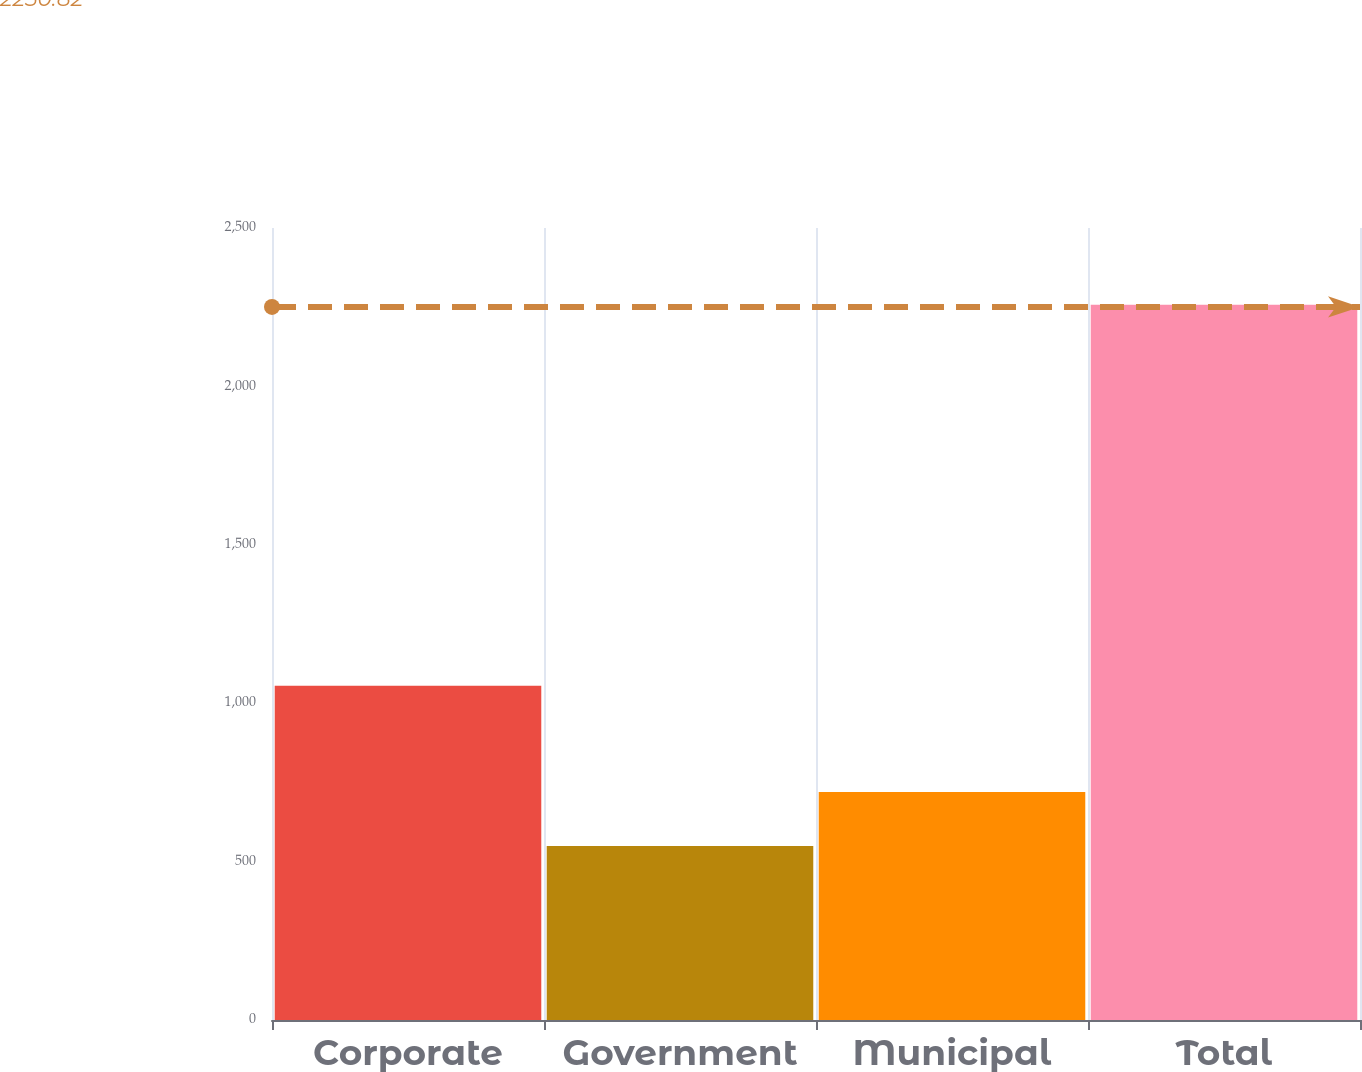Convert chart. <chart><loc_0><loc_0><loc_500><loc_500><bar_chart><fcel>Corporate<fcel>Government<fcel>Municipal<fcel>Total<nl><fcel>1055<fcel>549<fcel>719.9<fcel>2258<nl></chart> 
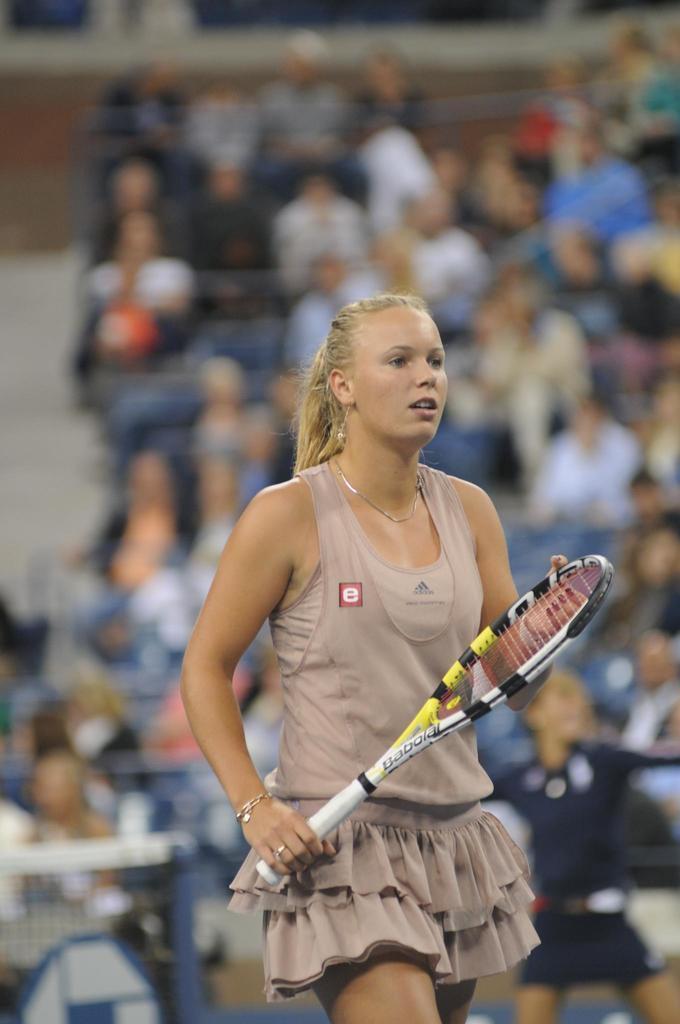Please provide a concise description of this image. This picture is taken in a stadium, In the middle there is a woman she is standing and holding a bat which is in white color, In the background there are some people sitting on the chairs. 
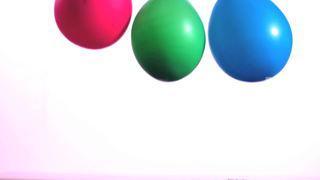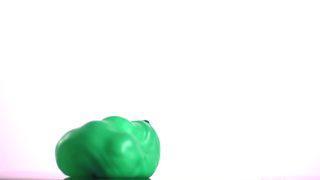The first image is the image on the left, the second image is the image on the right. Assess this claim about the two images: "One image includes a lumpy-looking green balloon, and the other image includes at least two balloons of different colors.". Correct or not? Answer yes or no. Yes. The first image is the image on the left, the second image is the image on the right. Considering the images on both sides, is "One of the balloons is bright pink." valid? Answer yes or no. Yes. 
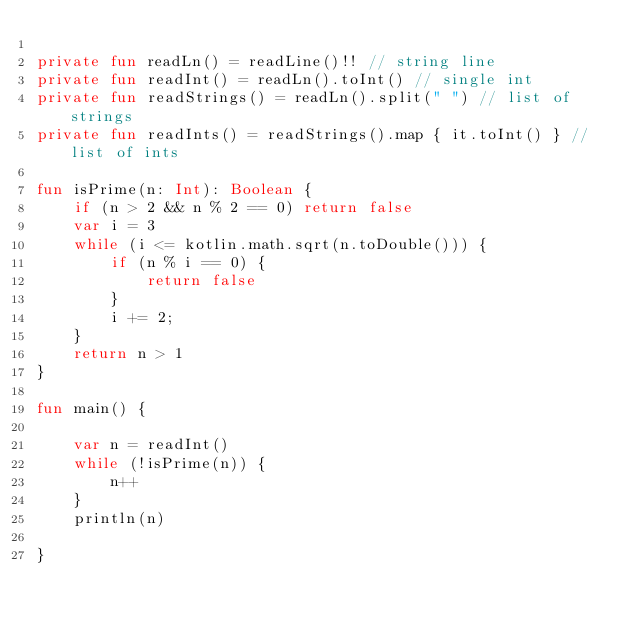Convert code to text. <code><loc_0><loc_0><loc_500><loc_500><_Kotlin_>
private fun readLn() = readLine()!! // string line
private fun readInt() = readLn().toInt() // single int
private fun readStrings() = readLn().split(" ") // list of strings
private fun readInts() = readStrings().map { it.toInt() } // list of ints

fun isPrime(n: Int): Boolean {
    if (n > 2 && n % 2 == 0) return false
    var i = 3
    while (i <= kotlin.math.sqrt(n.toDouble())) {
        if (n % i == 0) {
            return false
        }
        i += 2;
    }
    return n > 1
}

fun main() {

    var n = readInt()
    while (!isPrime(n)) {
        n++
    }
    println(n)

}

</code> 
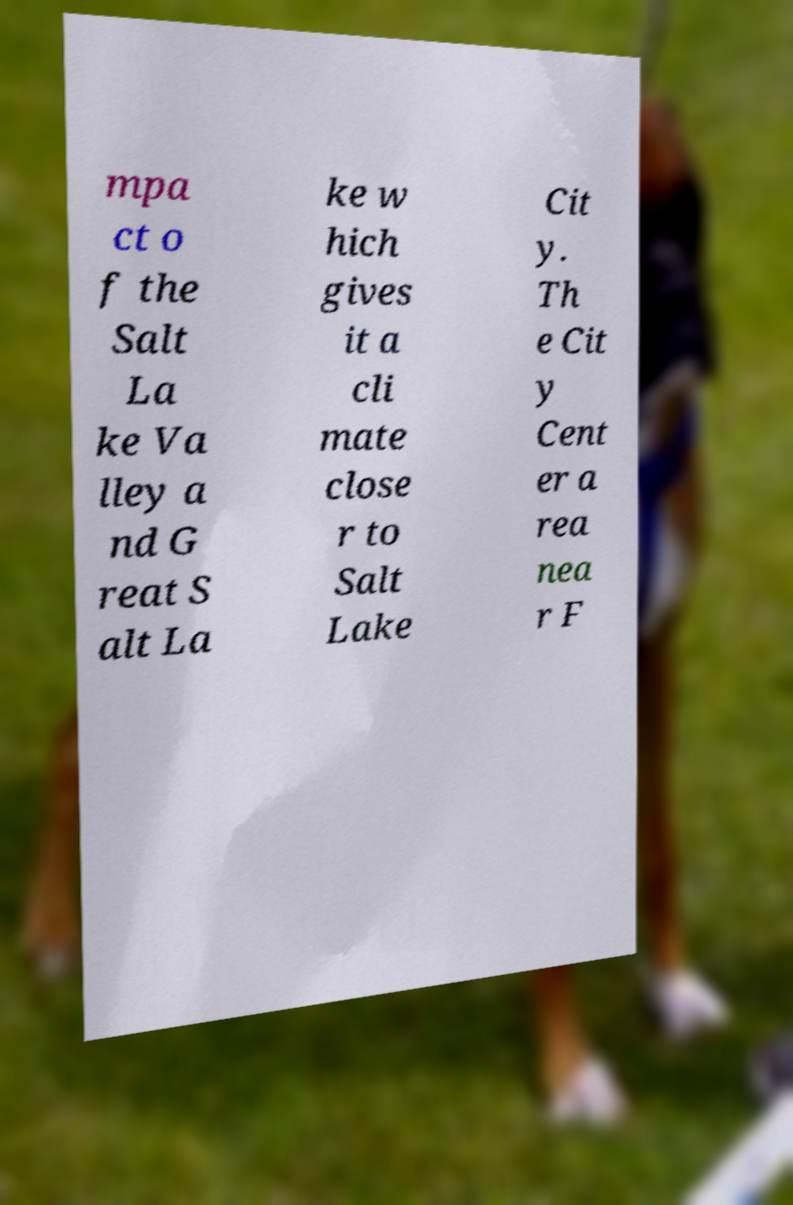I need the written content from this picture converted into text. Can you do that? mpa ct o f the Salt La ke Va lley a nd G reat S alt La ke w hich gives it a cli mate close r to Salt Lake Cit y. Th e Cit y Cent er a rea nea r F 
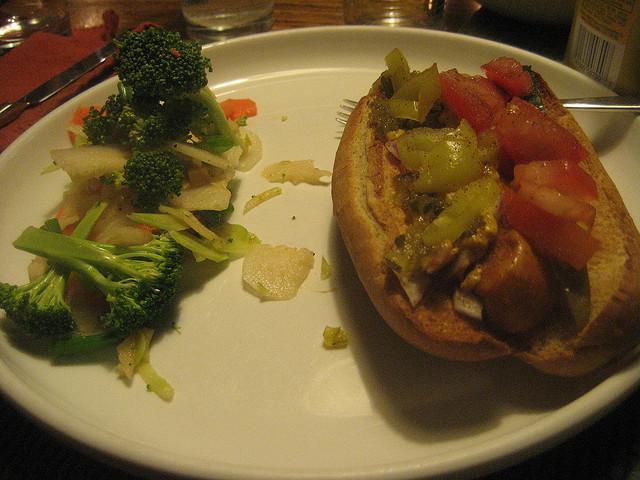How many meat products are on the plate?
Give a very brief answer. 1. How many broccolis can you see?
Give a very brief answer. 4.
---
**WORK ORDER**:
Each line from the one that holds "How many meat products are on the plate?" through the end of the material should be repeated exactly, and nothing more. Leave out any picture.

**EXERCISE SOLUTION**:
How many meat products are on the plate?
Give a very brief answer. 1. How many broccolis can you see?
Give a very brief answer. 4.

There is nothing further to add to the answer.